Continuous: variables with proportionate intervals between the levels meaning they can be analyzed with a mean, SD, variance. There are two types of continuous variables (although for the purpose of this course we will simply call them continuous variables):
Interval: a continuous variable that has intervals that are directly proportionate (e.g., the distance between 2-3 is the same as the distance between 5-6). We can analyze interval variables using means, variances, and standard deviations.
Ratio: a continuous variable like an internal variable but can accommodate an absolute zero, meaning a zero is actually possible (e.g., weight, temperature in Kelvin, reaction time). We can also analyze ratio variables with means, variances, and standard deviations, but we can also conduct arithmetic operations like fractions and ratios.
Note that in this class, I won’t ask you to differentiate between interval and ratio levels of measurement because the differences between the two are usually not meaningful in our work. You’ll even find that jamovi doesn’t differentiate between the two, either. Instead, you just need to know whether the variables are continuous, ordinal, or nominal.
Examples of levels of measurement
Confused still on the levels of measurement? Maybe this will help!

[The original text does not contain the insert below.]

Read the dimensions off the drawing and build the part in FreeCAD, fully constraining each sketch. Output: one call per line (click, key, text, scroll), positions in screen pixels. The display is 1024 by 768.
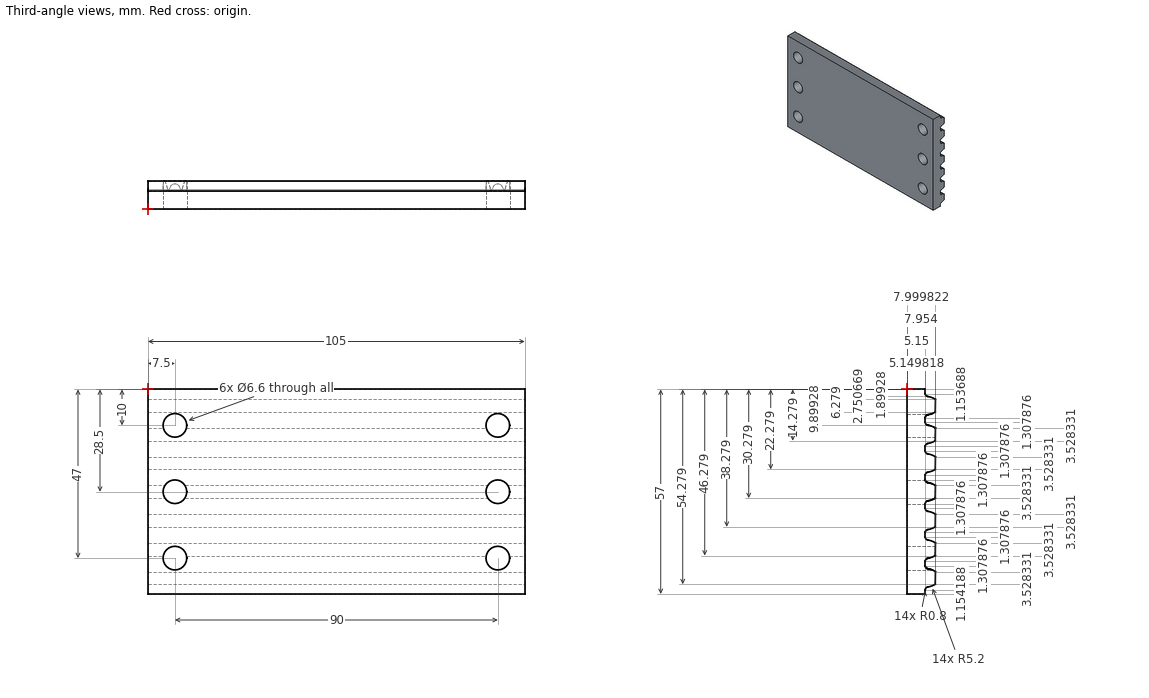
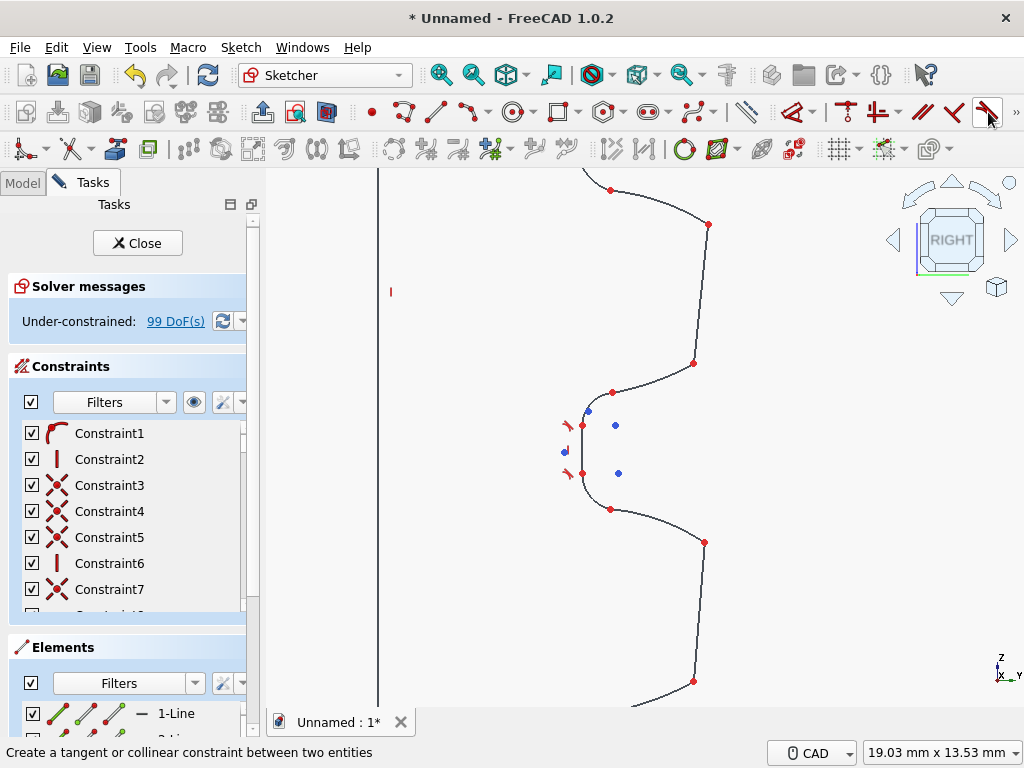
scroll(584, 467, down, 9)

One semester, a student asked, “Isn’t time a continuous variable?” To which I responded, “It depends on how it is measured!” If time was measured in a simple pre/post design, such as the start of the semester and the end of the semester, then it’s a nominal variable, and a specific type of nominal variable that we can call binary or dichotomous. If time was measured by month, January through December, then it would be ordinal because January is before (earlier than) February, for example. There is an order to the months, and a calendar that went March, October, April, January, etc. would make no sense. If time was measured as a continuous variable, it could be something like the exact day, exact time, response time, or time remaining.

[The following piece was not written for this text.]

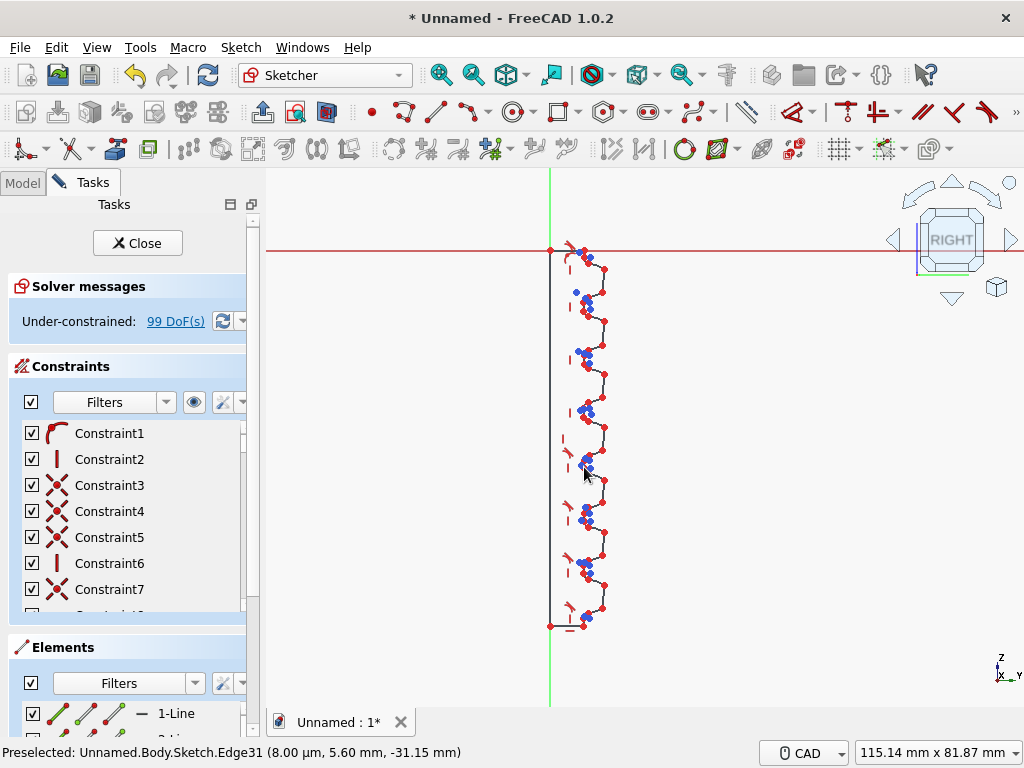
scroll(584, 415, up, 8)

Here’s another example. Notice that studying can be measured at different levels. Depending on the nature of the question and response options, it might be nominal, ordinal, or continuous! Here’s an example of data at the continuous, ordinal, and nominal level.
Name | Study_Continuous | Study_Ordinal | Study_Nominal |
---|---|---|---|
Name (Character) | Hours studied per day | Likert scale of amount of studying | Whether or not they study every day |
Jesus | 5.0 | A great deal | Yes |
Nicky | 4.5 | A great deal | Yes |
Bradford | 3.2 | A moderate amount | Yes |
Sylvia | 1.7 | A small amount | Yes |
Martha | 0.2 | Rarely | Yes |
Lillian | 0.0 | Never | No |
Trayvon | 0.0 | Never | No |
We can make any continuous variable into an ordinal and nominal variable and any ordinal variable into a nominal variable. But if we have a nominal variable we cannot make it ordinal, nor can we make an ordinal variable continuous. In other words, continuous variables contain more information. Often, we want to avoid losing information and always keep the variable at the highest level of measurement. Continuous has more information than ordinal has more information than nominal.

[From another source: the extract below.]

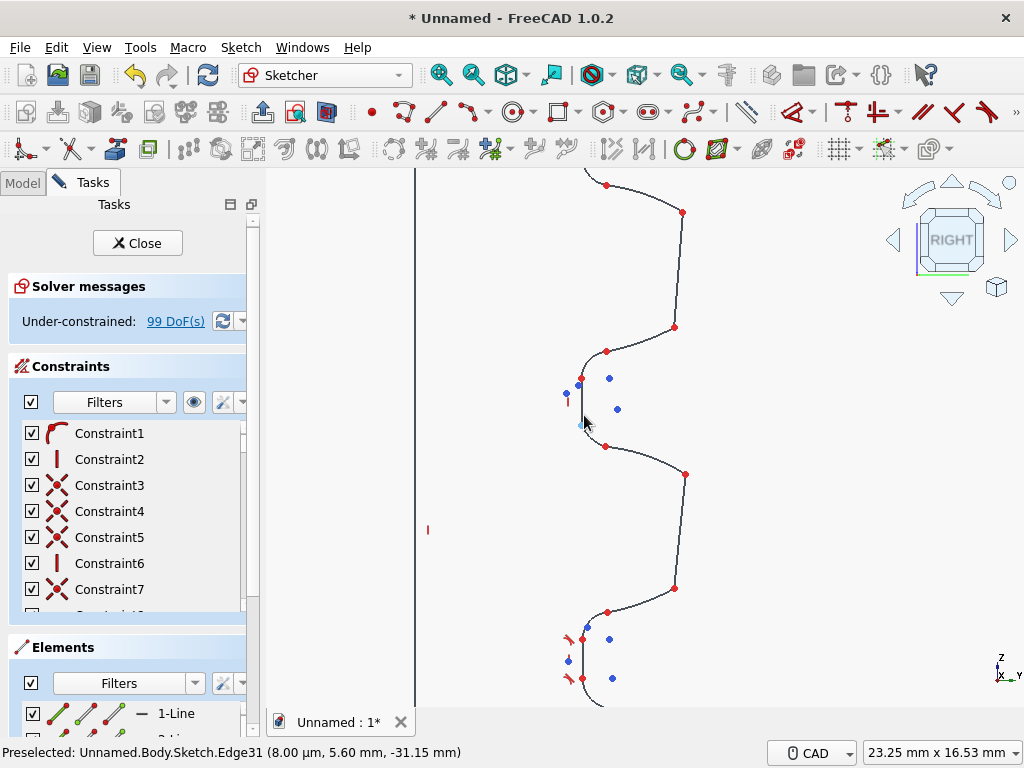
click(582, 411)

Because continuous variables have more information, we want to avoid doing things like mean or median splits or “collapsing” categories when you can. A mean or median split, which involves finding the mean or median value and splitting the data so it’s above the mean/median or below the mean/median, is making a continuous variable as nominal, which is removing information. Collapsing categories may also further reduce the information.
Another thing to keep in mind is that just because we put numbers to something does not necessarily make it continuous! Be careful and think critically. If I said cat = 1, dog = 2, and frog = 3 it doesn’t make it an ordinal or continuous variable.